What I'm skeptical of: the self-augmentation technique (two-stage prompting where the first prompt asks the model to identify critical values before answering) produces improvements of 0.84–5.68% on downstream benchmarks like TabFact and ToTTo. These are real numbers from real experiments, but they're marginal. The technique doesn't address the fundamental problem — it's a prompt-engineering patch on top of genuinely weak structural understanding.

The TMLR survey has the scope problem common to all surveys: it covers everything from tabular prediction (XGBoost country) to generative table synthesis to QA, which dilutes the analysis. The most actionable section for my purposes is the structured QA track, and even there the survey mostly catalogues methods rather than synthesizing which ones are actually reliable.

The FinSheet-Bench finding that complex aggregations score 19.6% is the most finance-specific alarm bell here. Portfolio aggregation, fund-level rollups, and multi-period comparisons are exactly the operations that make financial reporting non-trivial — and they're exactly where LLMs fall apart.

Why this matters for finance AI

Beancount ledgers are tables.
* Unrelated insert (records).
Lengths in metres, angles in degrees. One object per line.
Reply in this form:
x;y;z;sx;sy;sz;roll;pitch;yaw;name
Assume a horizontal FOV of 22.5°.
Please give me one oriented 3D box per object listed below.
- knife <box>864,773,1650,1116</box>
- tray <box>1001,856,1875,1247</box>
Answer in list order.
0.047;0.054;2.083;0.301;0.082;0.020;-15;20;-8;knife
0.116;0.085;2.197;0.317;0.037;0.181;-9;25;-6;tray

When an autonomous agent reads a ledger to detect anomalies, generate reports, or decide on a write-back, it is performing tabular reasoning. The evidence suggests that current LLMs handle simple lookups reasonably well (cell retrieval at 73% for GPT-4) but collapse on the operations that matter most: multi-step aggregation, size estimation for large ledgers, and reasoning over structural variations.
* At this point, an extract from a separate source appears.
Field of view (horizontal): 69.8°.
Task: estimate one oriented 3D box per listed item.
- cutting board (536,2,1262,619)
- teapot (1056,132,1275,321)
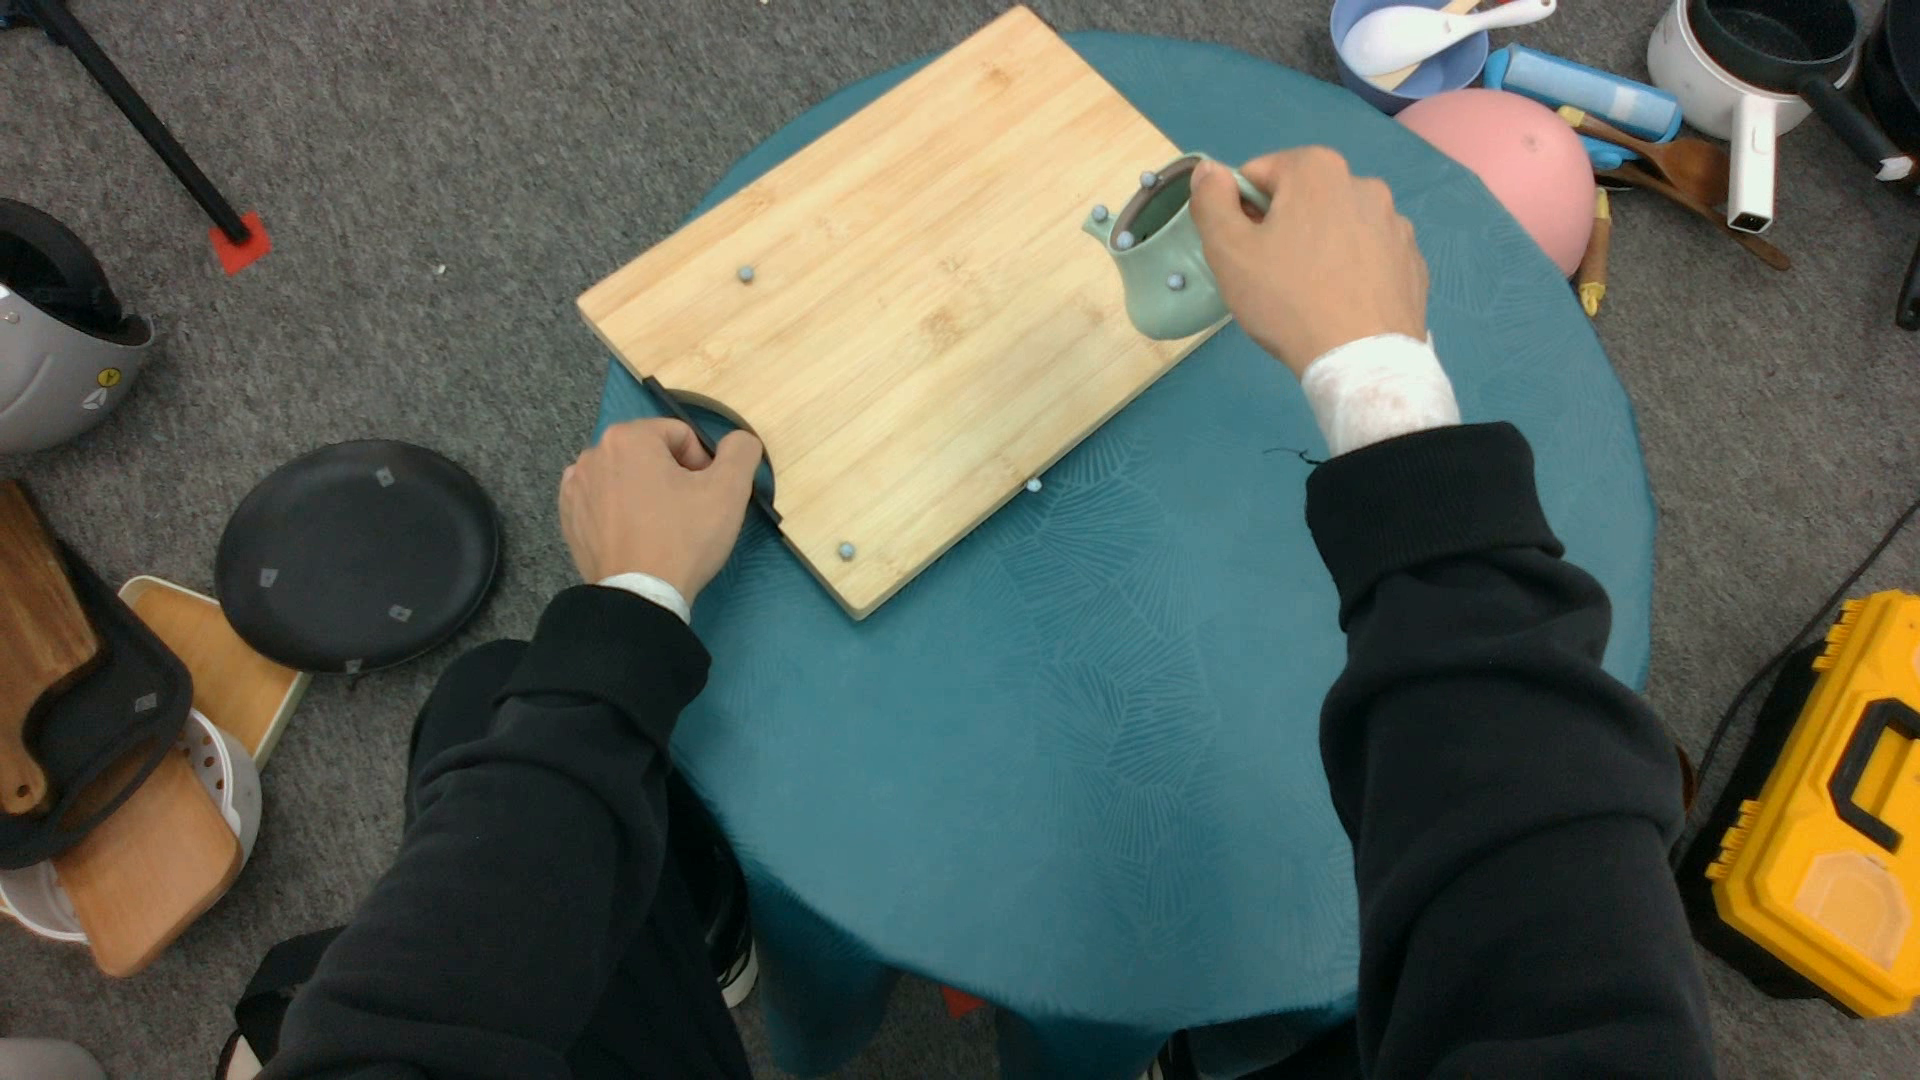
[{"bbox_3d":[-0.025,-0.149,0.792,0.350,0.023,0.251,-41,77,-19],"label":"cutting board"},{"bbox_3d":[0.104,-0.154,0.656,0.061,0.136,0.096,38,75,-24],"label":"teapot"}]

The serialization finding has immediate practical implications. If I'm piping Beancount files into an LLM, the format I choose affects accuracy by several percentage points before I've written a single line of agent logic. Beancount's native syntax is close to the "NL+Sep" end of the format hierarchy — readable for humans, suboptimal for LLMs. Converting to a more structured intermediate (a JSON or HTML table of transactions) before feeding to a model may be worth the preprocessing cost.
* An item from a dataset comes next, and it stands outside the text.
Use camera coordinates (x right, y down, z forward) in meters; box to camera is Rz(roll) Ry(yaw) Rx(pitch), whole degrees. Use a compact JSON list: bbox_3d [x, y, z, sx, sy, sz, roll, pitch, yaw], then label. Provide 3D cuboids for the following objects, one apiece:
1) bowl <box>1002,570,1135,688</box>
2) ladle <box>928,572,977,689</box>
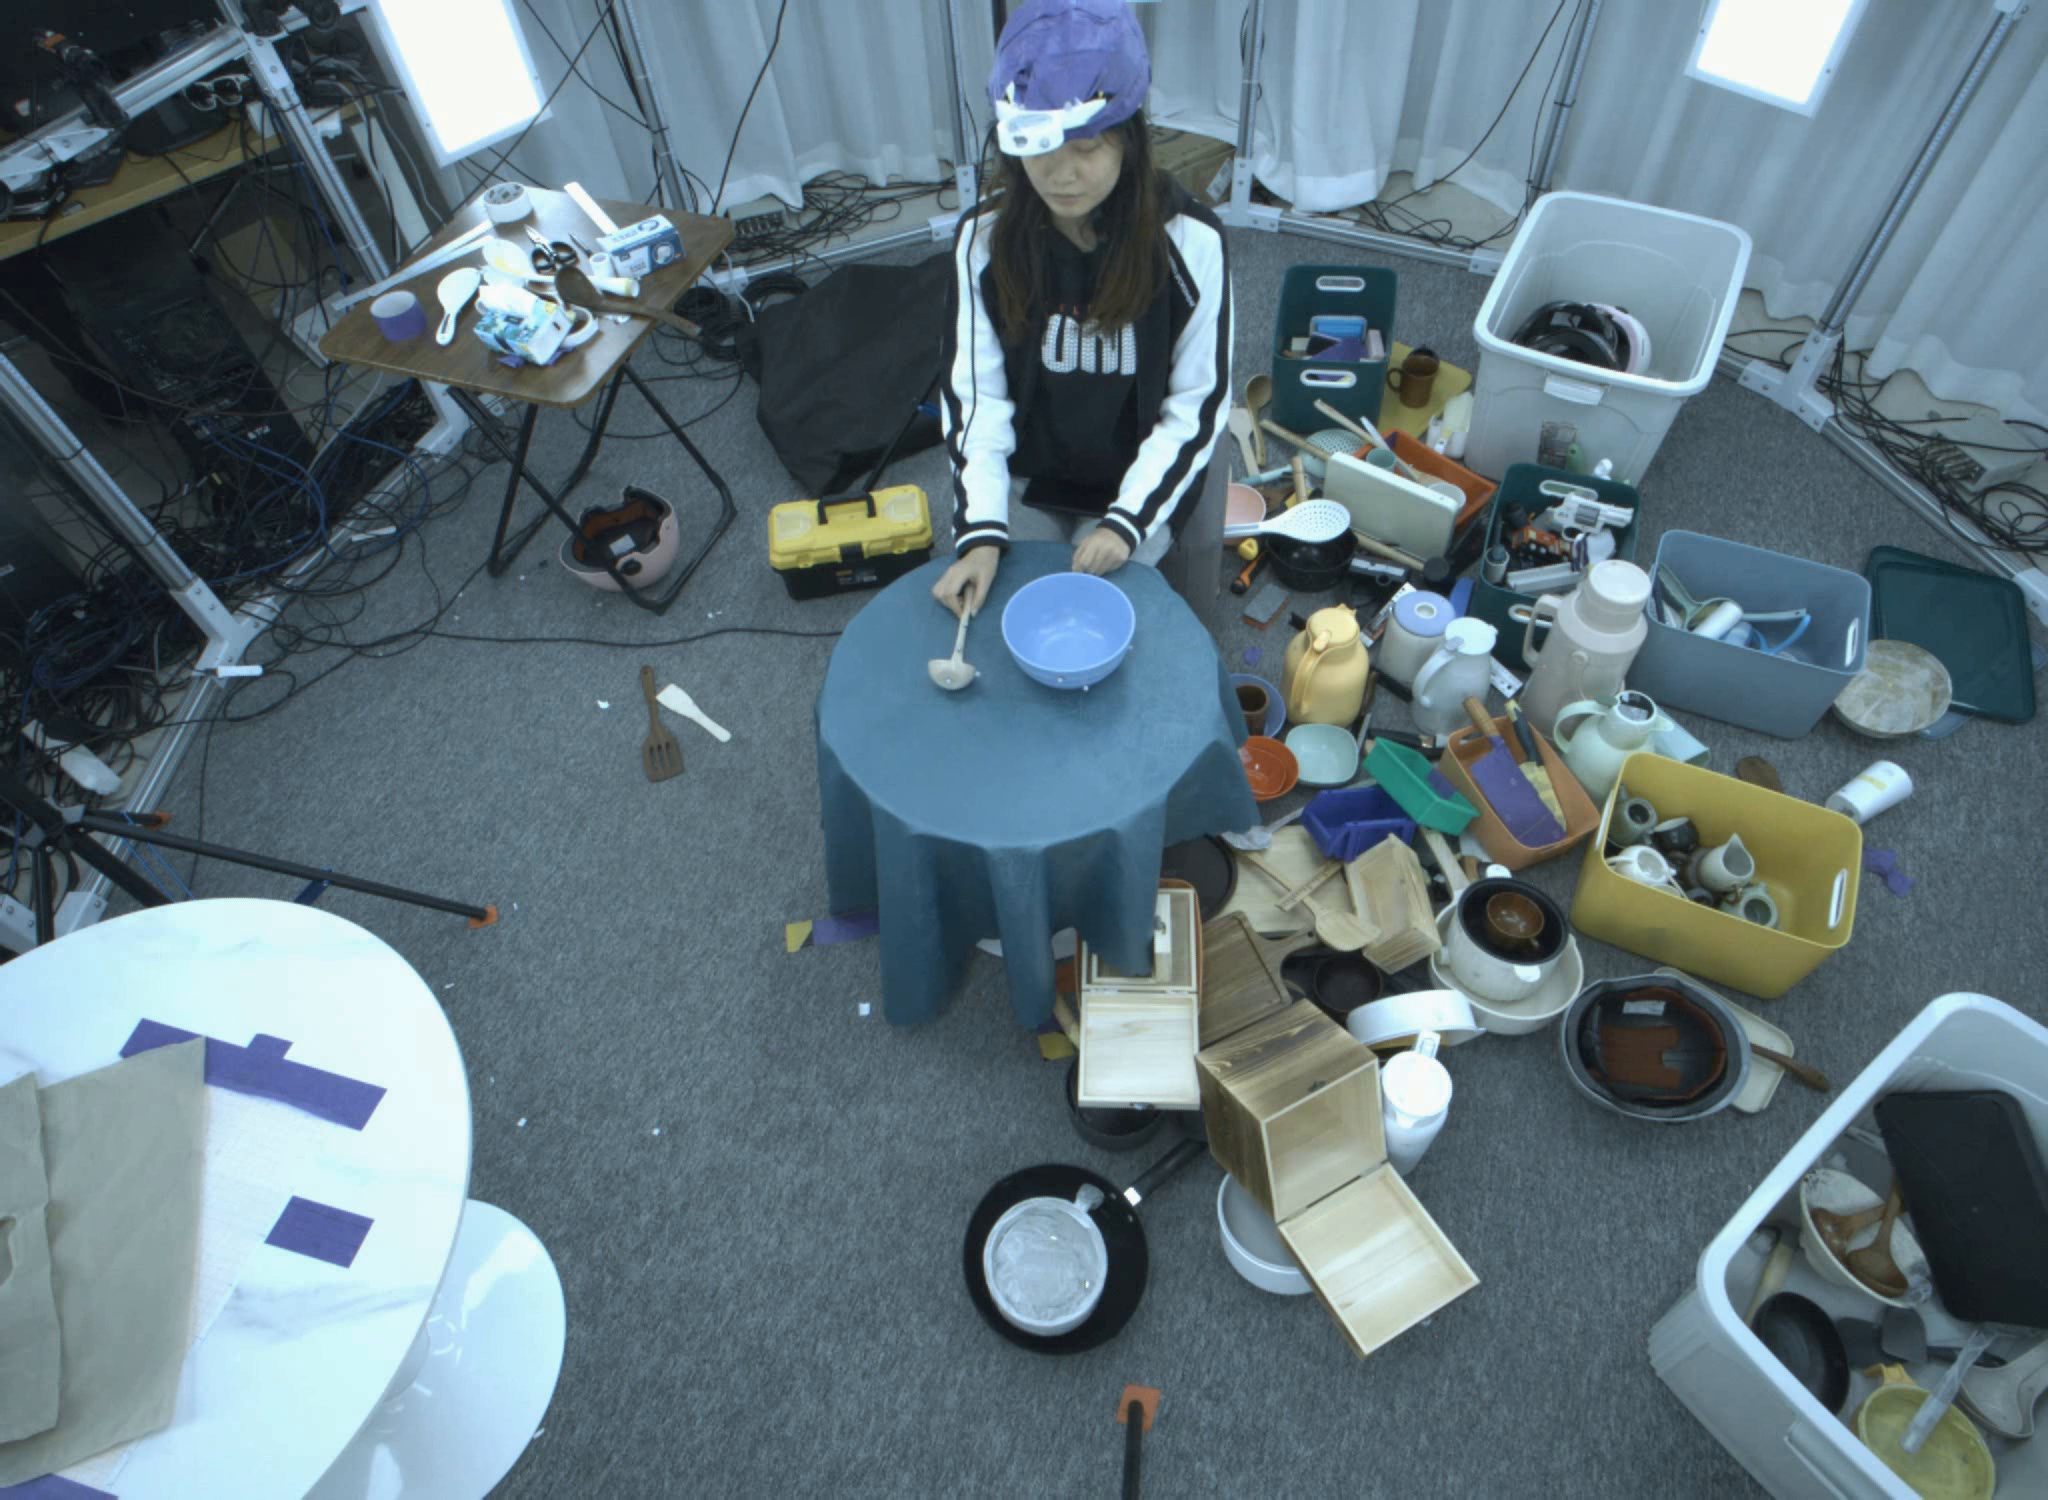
[{"bbox_3d":[0.068,-0.165,1.843,0.196,0.096,0.194,0,57,2],"label":"bowl"},{"bbox_3d":[-0.099,-0.205,1.888,0.072,0.073,0.252,5,57,1],"label":"ladle"}]

The complexity collapse at scale is the most sobering finding. A real Beancount ledger for a small business might have thousands of transactions, dozens of accounts, and multi-year history. The FinSheet-Bench results suggest that once a table grows to the size where it actually matters, LLM accuracy degrades into territory that is not safe for autonomous write-back.

  • TableLLM (arXiv:2311.09206) — fine-tuned model trained on 169 Kaggle tables (UniPredict); reported to substantially outperform GPT-4 zero-shot on tabular prediction, which suggests domain-specific fine-tuning is still the right approach for finance-specific table tasks.
  • TAT-QA (arXiv:2105.07624) — a dataset specifically for discrete reasoning over hybrid financial documents (tables + text, like earnings reports); the accompanying TAT-LLM model is the most direct precedent for applying specialized models to financial table reasoning.
  • ToRR: A Benchmark for Table Reasoning and Robustness (arXiv:2502.19412) — focuses on adversarial perturbations like row shuffling and column reordering; if a Beancount agent is robust to reordering, it's a signal that it understands structure rather than position.